WHAT IS BEING ASKED:
Go through the entries below and print each one exactly, leaving out pictures.

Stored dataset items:
......
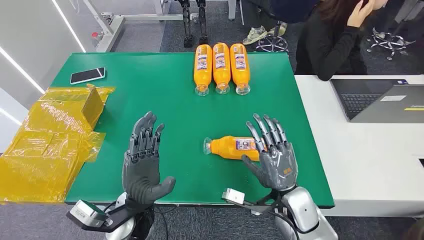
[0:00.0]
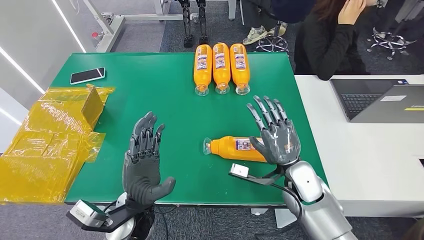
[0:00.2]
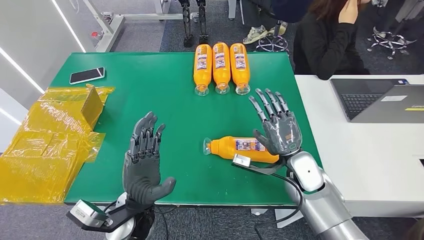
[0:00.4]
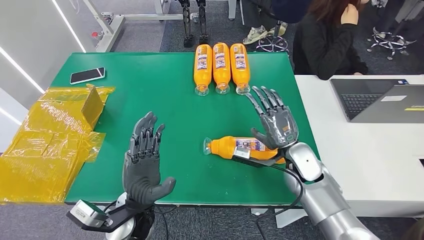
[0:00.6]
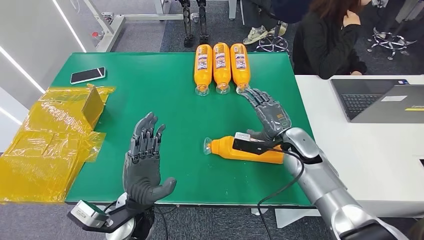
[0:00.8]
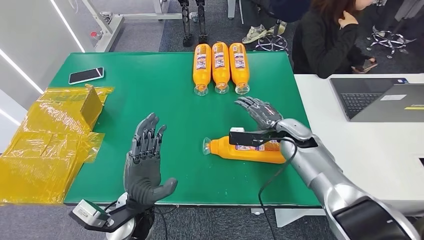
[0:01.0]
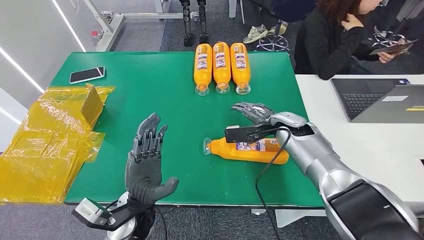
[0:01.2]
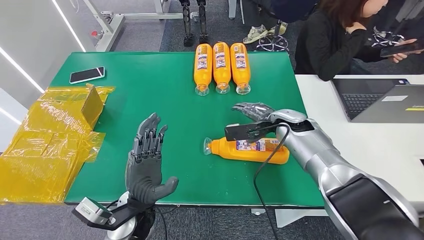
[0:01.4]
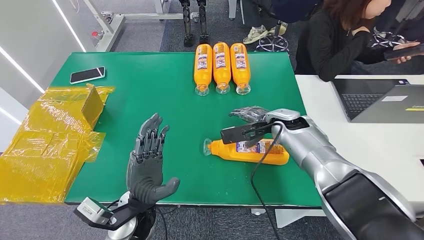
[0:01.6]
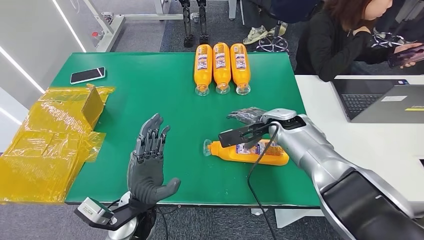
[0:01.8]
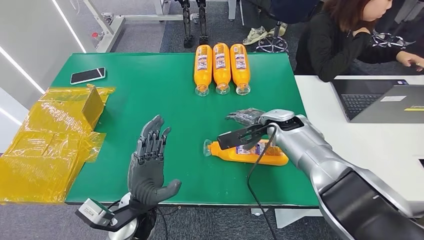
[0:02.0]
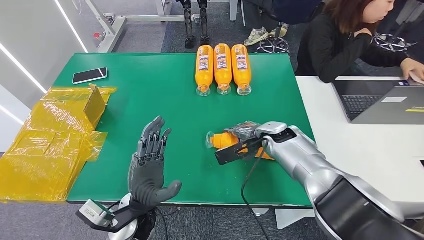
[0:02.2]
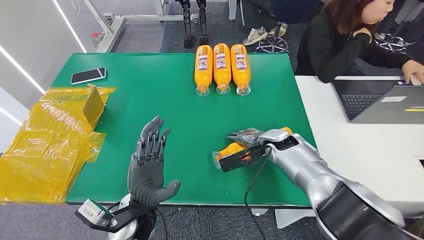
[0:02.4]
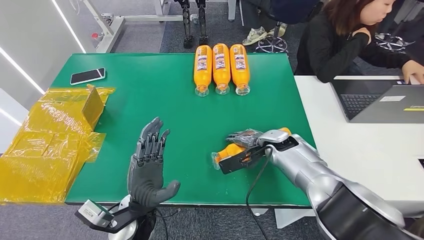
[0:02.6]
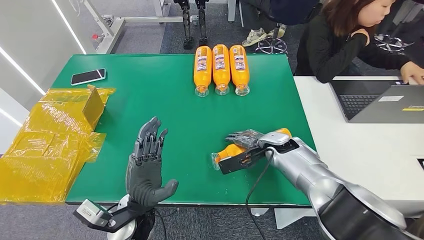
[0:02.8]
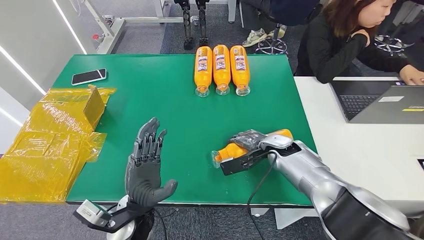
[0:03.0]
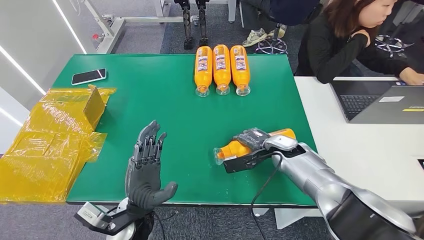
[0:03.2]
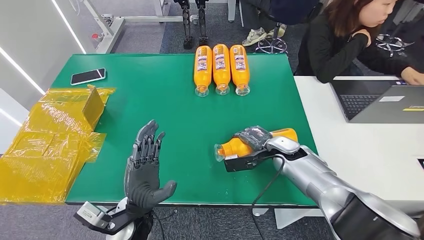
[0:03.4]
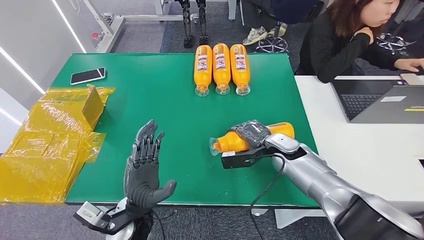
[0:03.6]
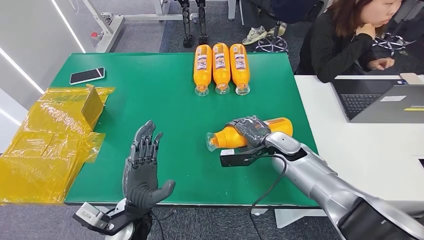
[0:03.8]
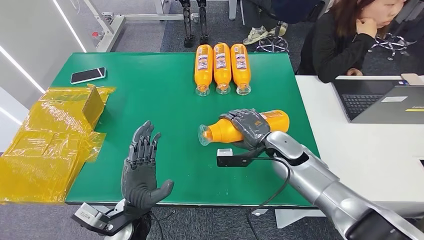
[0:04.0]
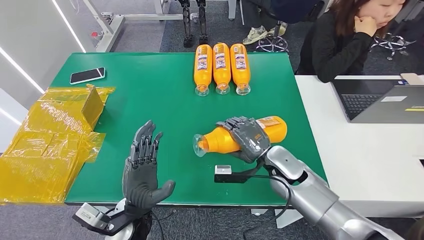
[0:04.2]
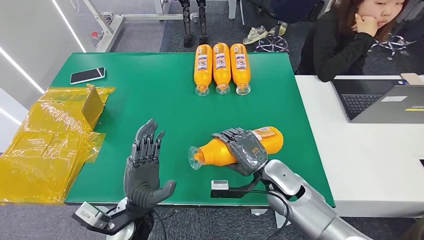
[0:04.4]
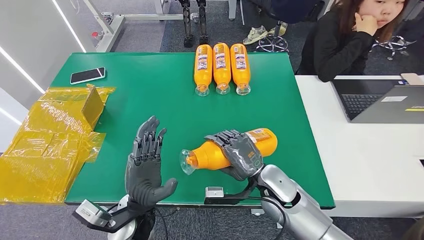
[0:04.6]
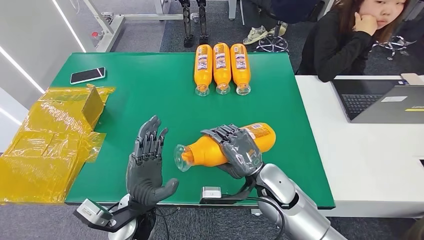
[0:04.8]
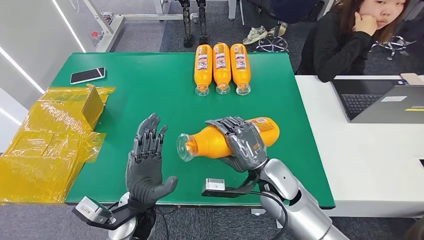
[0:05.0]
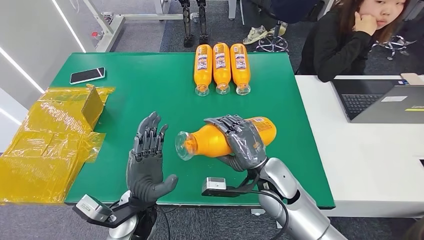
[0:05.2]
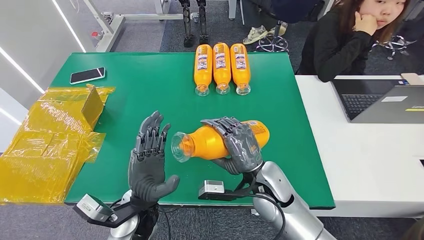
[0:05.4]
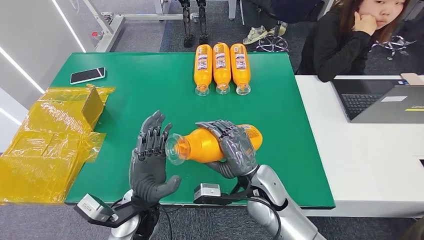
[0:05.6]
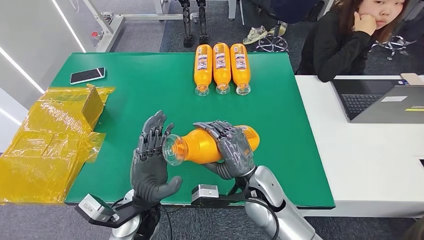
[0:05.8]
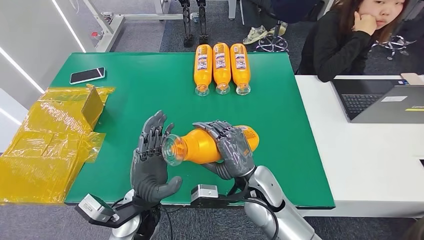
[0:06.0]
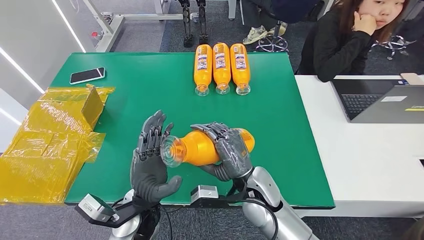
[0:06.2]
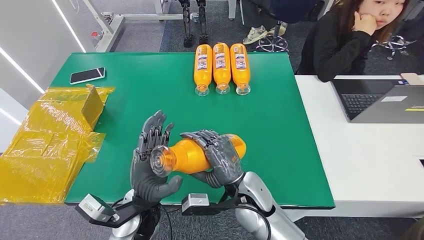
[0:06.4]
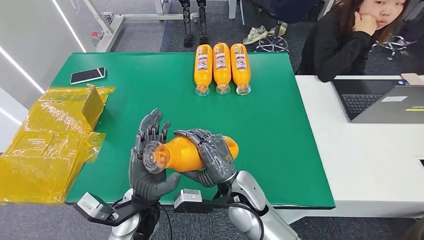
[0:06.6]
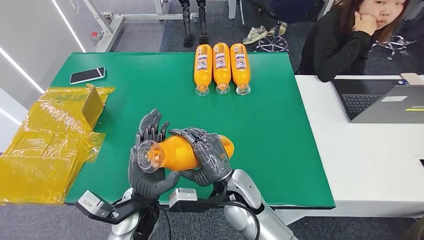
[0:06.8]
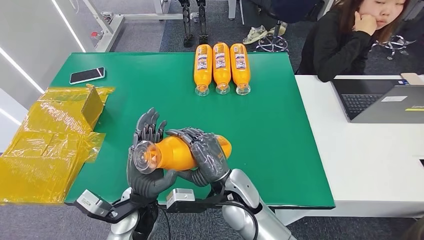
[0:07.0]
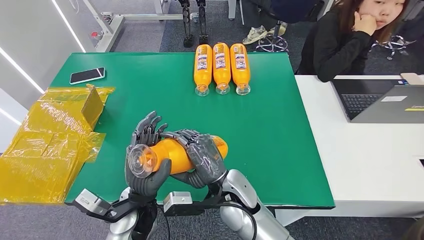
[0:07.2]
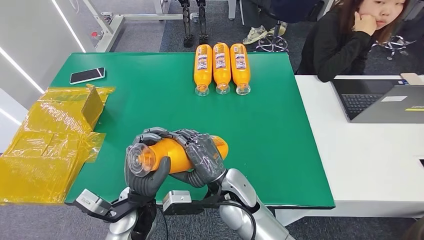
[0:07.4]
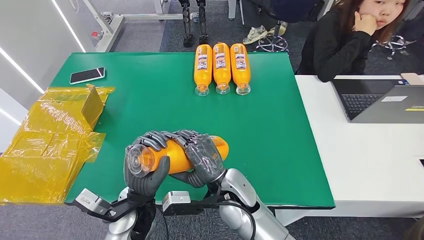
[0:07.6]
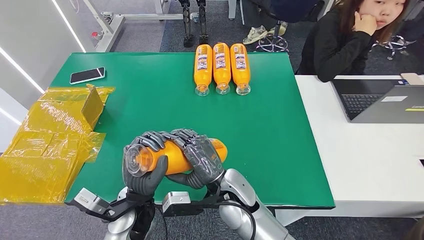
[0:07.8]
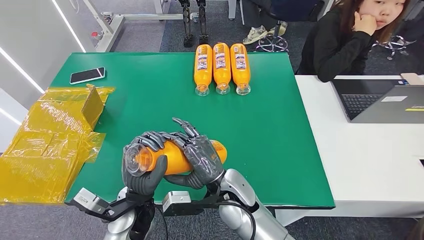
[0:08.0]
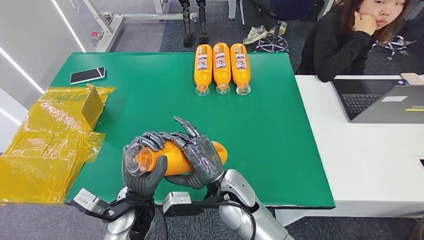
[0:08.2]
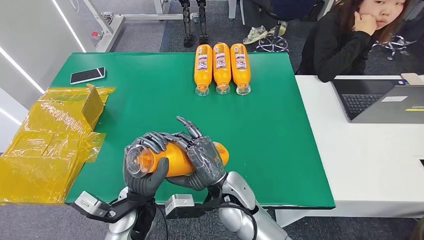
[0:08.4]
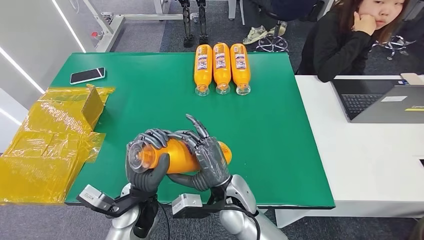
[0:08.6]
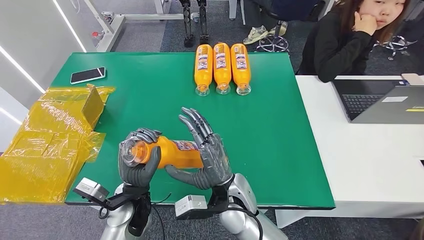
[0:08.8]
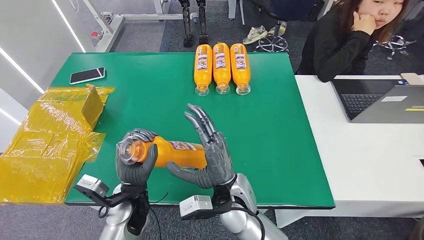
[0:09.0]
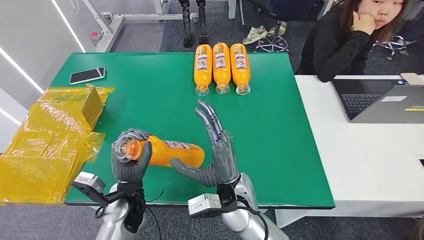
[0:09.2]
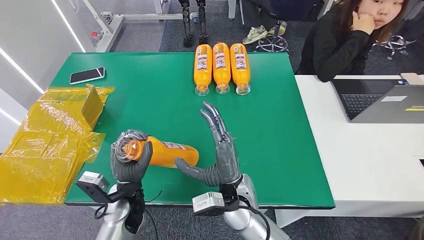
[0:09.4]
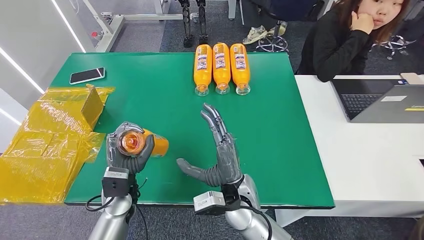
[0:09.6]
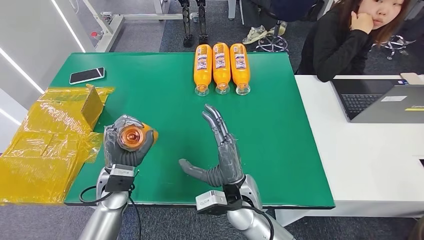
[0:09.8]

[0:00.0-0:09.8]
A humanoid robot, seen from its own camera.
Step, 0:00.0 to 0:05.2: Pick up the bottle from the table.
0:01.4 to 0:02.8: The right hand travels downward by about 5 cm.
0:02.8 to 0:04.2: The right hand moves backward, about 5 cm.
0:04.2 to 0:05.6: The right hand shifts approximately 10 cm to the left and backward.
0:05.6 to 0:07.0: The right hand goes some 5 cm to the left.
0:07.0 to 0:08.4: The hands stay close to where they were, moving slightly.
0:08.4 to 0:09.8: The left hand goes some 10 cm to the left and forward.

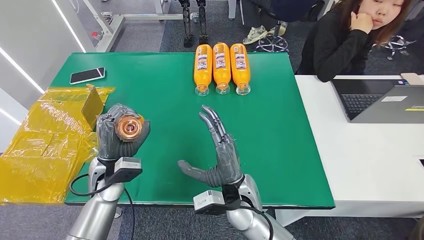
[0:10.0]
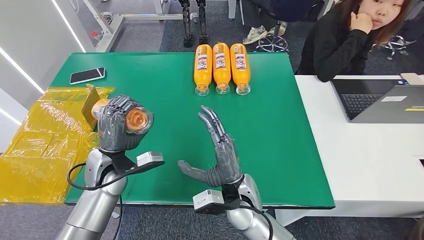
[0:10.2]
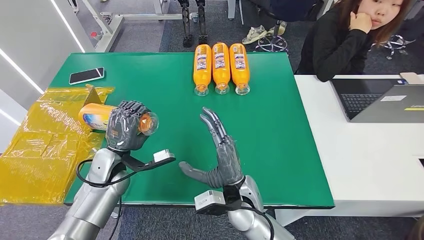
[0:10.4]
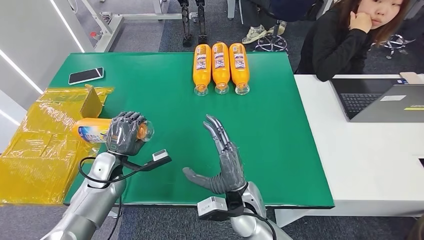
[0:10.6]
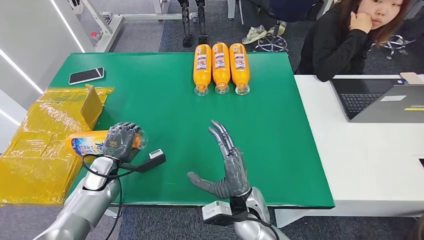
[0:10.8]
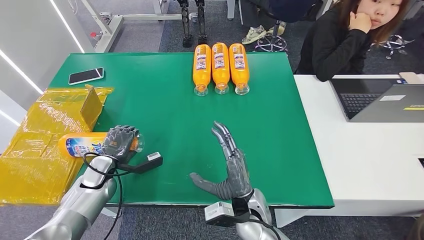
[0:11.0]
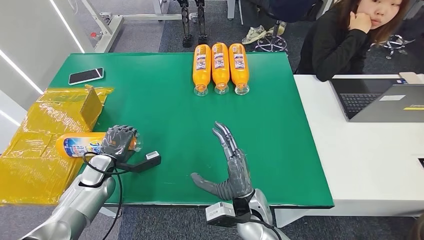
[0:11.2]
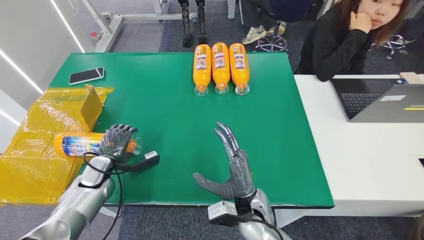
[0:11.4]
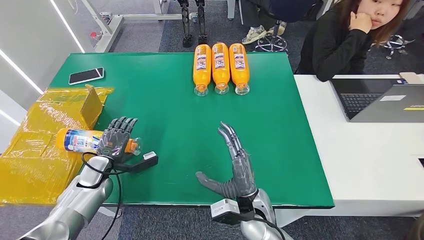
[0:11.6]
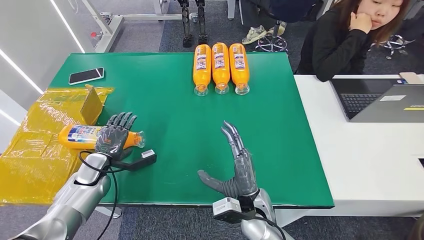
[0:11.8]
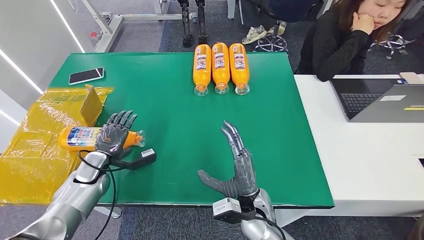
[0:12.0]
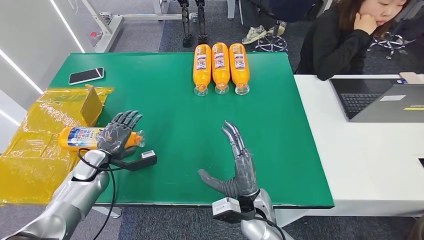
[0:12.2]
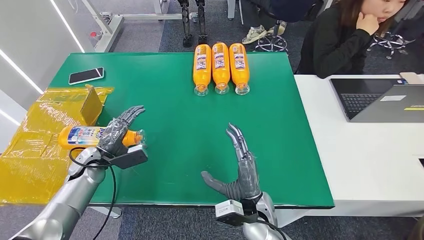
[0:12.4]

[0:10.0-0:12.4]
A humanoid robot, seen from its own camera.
......
FINAL ANSWER:
[0:00.0]
[0:00.2]
[0:00.4]
[0:00.6]
[0:00.8]
[0:01.0]
[0:01.2]
[0:01.4]
[0:01.6]
[0:01.8]
[0:02.0]
[0:02.2]
[0:02.4]
[0:02.6]
[0:02.8]
[0:03.0]
[0:03.2]
[0:03.4]
[0:03.6]
[0:03.8]
[0:04.0]
[0:04.2]
[0:04.4]
[0:04.6]
[0:04.8]
[0:05.0]
[0:05.2]
[0:05.4]
[0:05.6]
[0:05.8]
[0:06.0]
[0:06.2]
[0:06.4]
[0:06.6]
[0:06.8]
[0:07.0]
[0:07.2]
[0:07.4]
[0:07.6]
[0:07.8]
[0:08.0]
[0:08.2]
[0:08.4]
[0:08.6]
[0:08.8]
[0:09.0]
[0:09.2]
[0:09.4]
[0:09.6]
[0:09.8]

[0:00.0-0:09.8]
A humanoid robot, seen from its own camera.
Step, 0:00.0 to 0:05.2: Pick up the bottle from the table.
0:01.4 to 0:02.8: The right hand travels downward by about 5 cm.
0:02.8 to 0:04.2: The right hand moves backward, about 5 cm.
0:04.2 to 0:05.6: The right hand shifts approximately 10 cm to the left and backward.
0:05.6 to 0:07.0: The right hand goes some 5 cm to the left.
0:07.0 to 0:08.4: The hands stay close to where they were, moving slightly.
0:08.4 to 0:09.8: The left hand goes some 10 cm to the left and forward.

[0:10.0]
[0:10.2]
[0:10.4]
[0:10.6]
[0:10.8]
[0:11.0]
[0:11.2]
[0:11.4]
[0:11.6]
[0:11.8]
[0:12.0]
[0:12.2]
[0:12.4]

[0:10.0-0:12.4]
A humanoid robot, seen from its own camera.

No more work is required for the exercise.